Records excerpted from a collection
==============================

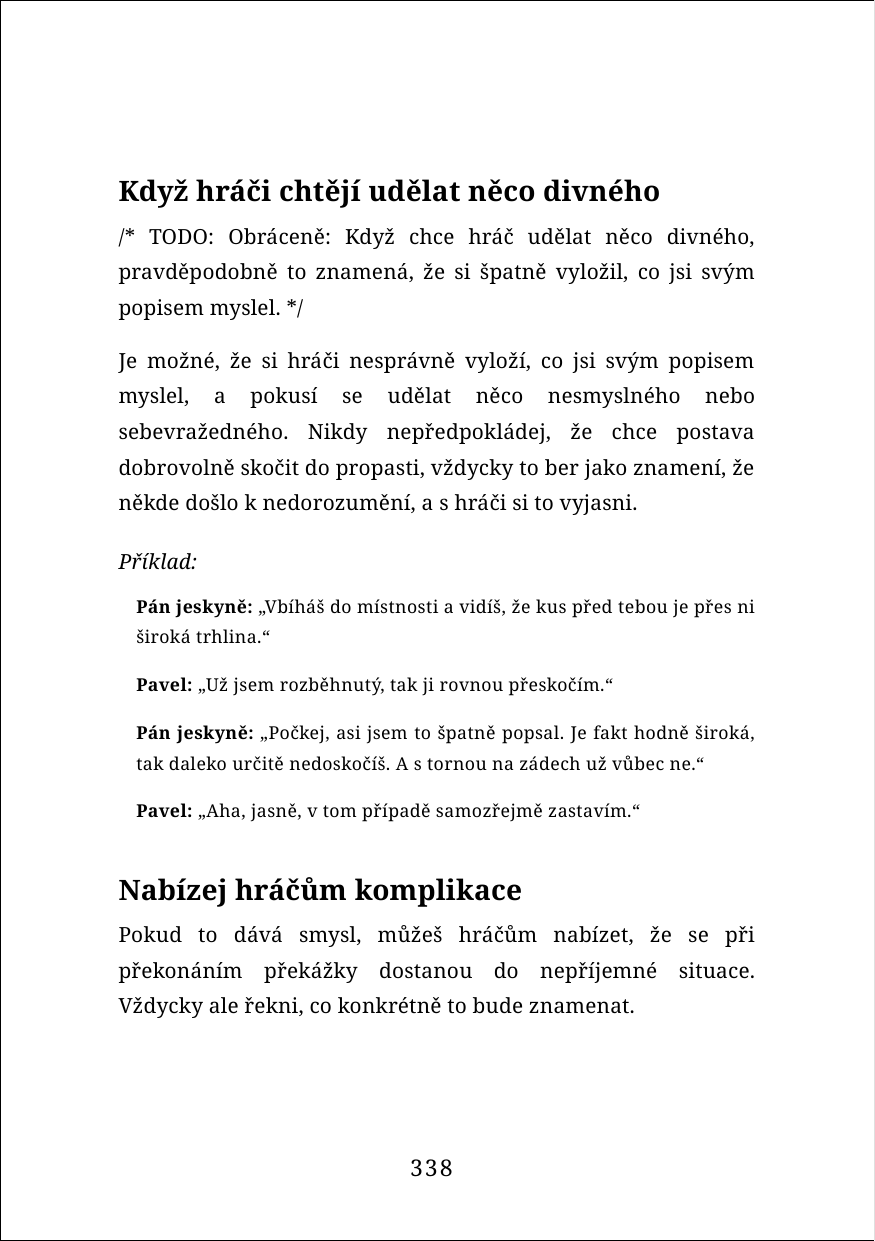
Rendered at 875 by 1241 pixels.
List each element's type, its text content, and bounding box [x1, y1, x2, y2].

text Příklad: [118, 547, 756, 576]
subtitle Když hráči chtějí udělat něco divného [118, 172, 756, 210]
text Je možné, že si hráči nesprávně vyloží, co jsi svým popisem myslel, a pokusí se udělat něco nesmyslného nebo sebevražedného. Nikdy nepředpokládej, že chce postava dobrovolně skočit do propasti, vždycky to ber jako znamení, že někde došlo k nedorozumění, a s hráči si to vyjasni. [118, 346, 756, 517]
text Pán jeskyně: „Vbíháš do místnosti a vidíš, že kus před tebou je přes ni široká trhlina.“ [136, 595, 756, 649]
subtitle Nabízej hráčům komplikace [118, 870, 756, 909]
text Pavel: „Už jsem rozběhnutý, tak ji rovnou přeskočím.“ [136, 673, 756, 697]
text Pán jeskyně: „Počkej, asi jsem to špatně popsal. Je fakt hodně široká, tak daleko určitě nedoskočíš. A s tornou na zádech už vůbec ne.“ [136, 721, 756, 775]
text /* TODO: Obráceně: Když chce hráč udělat něco divného, pravděpodobně to znamená, že si špatně vyložil, co jsi svým popisem myslel. */ [118, 222, 756, 321]
text Pavel: „Aha, jasně, v tom případě samozřejmě zastavím.“ [136, 799, 756, 823]
text Pokud to dává smysl, můžeš hráčům nabízet, že se při překonáním překážky dostanou do nepříjemné situace. Vždycky ale řekni, co konkrétně to bude znamenat. [118, 921, 756, 1020]

==============================

• INSTRUCTIONS FOR THE TASK
In the entries above, locate every line with the word "hráčům" and copy it.

• ANSWER FOR THIS EXERCISE
subtitle Nabízej hráčům komplikace [118, 870, 756, 909]
text Pokud to dává smysl, můžeš hráčům nabízet, že se při překonáním překážky dostanou do nepříjemné situace. Vždycky ale řekni, co konkrétně to bude znamenat. [118, 921, 756, 1020]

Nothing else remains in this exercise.